Depuis début octobre, des perturbations souvent actives se sont succédé sur le pays et plusieurs épisodes méditerranéens intenses ont affecté les régions méridionales.

Après une sécheresse météorologique sévère qui a persisté depuis le début de l'été sur une grande partie du pays, les précipitations fréquentes et abondantes ont permis un retour à la normale durant le mois d'octobre avec l'humidification des sols superficiels sur l'Hexagone.

Depuis début novembre, les passages pluvieux n'ont épargné aucune région et l'humidification des sols se poursuit sur l'ensemble du territoire, tout particulièrement sur la façade ouest et sur la Corse.

Indice d'humidité des sols superficiels sur la France du 1er janvier au 11 novembre 2019

Différents types de sécheresse

La sécheresse des sols superficiels (dite "agricole" *) ne constitue qu'une composante de la situation hydrologique globale. Les autres composantes de la sécheresse comme le débit des rivières ou le niveau des eaux souterraines sont suivies par les services du Ministère de la Transition Ecologique et Solidaire (MTES). Pour plus d'informations sur la situation hydrologique globale : consulter le site eaufrance.
 
 On distingue plusieurs types de sécheresses :
  •   La sécheresse météorologique correspond à un déficit prolongé de précipitations.
     
  •   La sécheresse des sols, dite "agricole", se caractérise par un déficit en eau des sols superficiels (entre 1 et 2 m de profondeur), suffisant pour altérer le bon développement de la végétation.

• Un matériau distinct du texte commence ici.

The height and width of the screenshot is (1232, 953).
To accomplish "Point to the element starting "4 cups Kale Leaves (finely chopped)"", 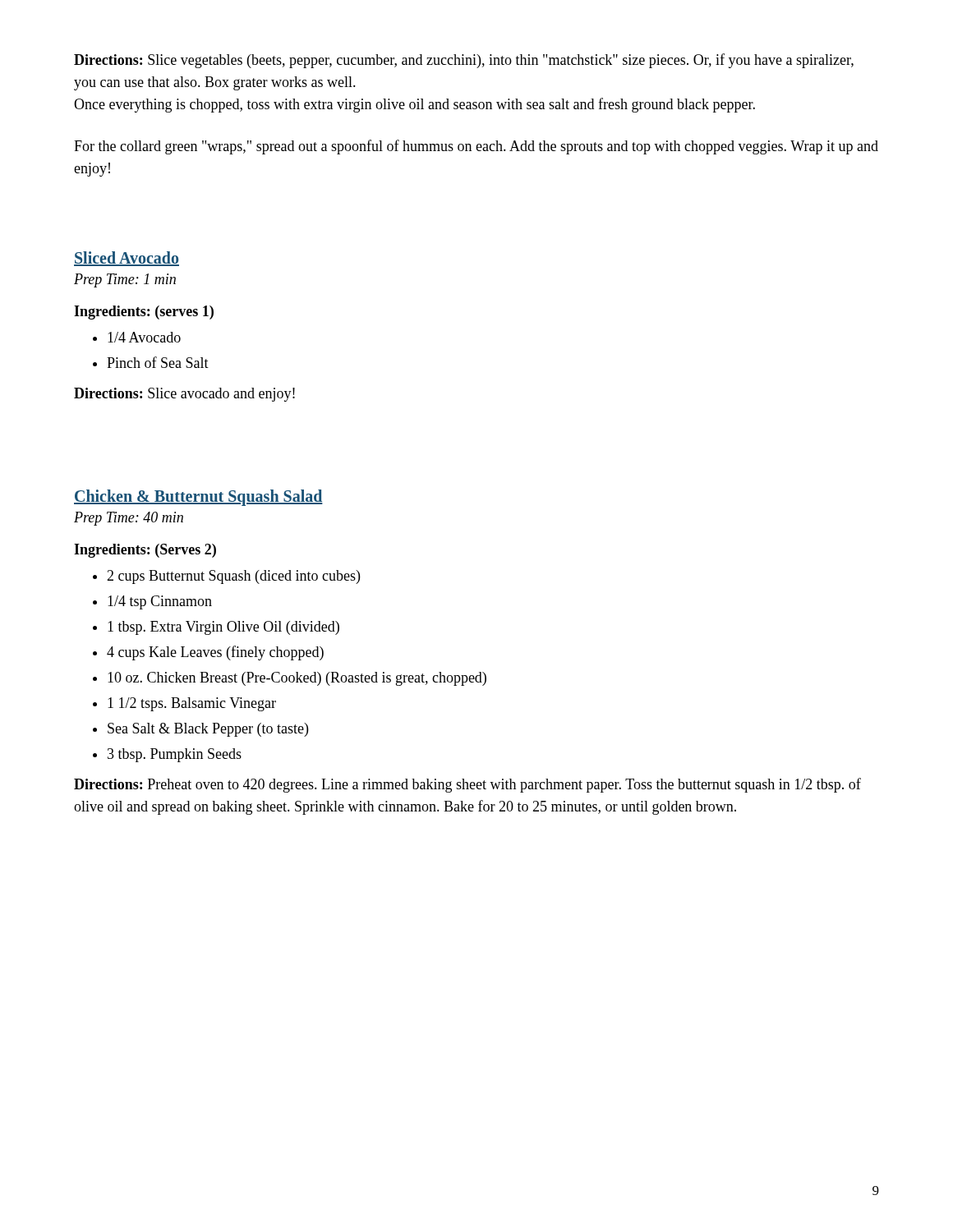I will click(215, 652).

Elle dépend des précipitations et de l'évapotranspiration des plantes. Cette notion tient compte de l'évaporation des sols et de la transpiration des plantes (l'eau puisée par les racines est évaporée au niveau des feuilles). La sécheresse agricole est donc sensible aux précipitations, à l'humidité et à la température de l'air, au vent mais aussi à la nature des plantes et des sols.
     
  •   La sécheresse hydrologique se manifeste enfin lorsque les lacs, rivières ou nappes souterraines montrent des niveaux anormalement bas. Elle dépend des précipitations mais aussi de l'état du sol influant sur le ruissellement et l'infiltration. Le réseau hydrographique et les caractéristiques des nappes déterminent les temps de réponse aux déficits de précipitations observés sur différentes périodes.

Ces différentes sécheresses peuvent intervenir à différents moments, non forcément concomitants et ne sont pas forcément systématiques.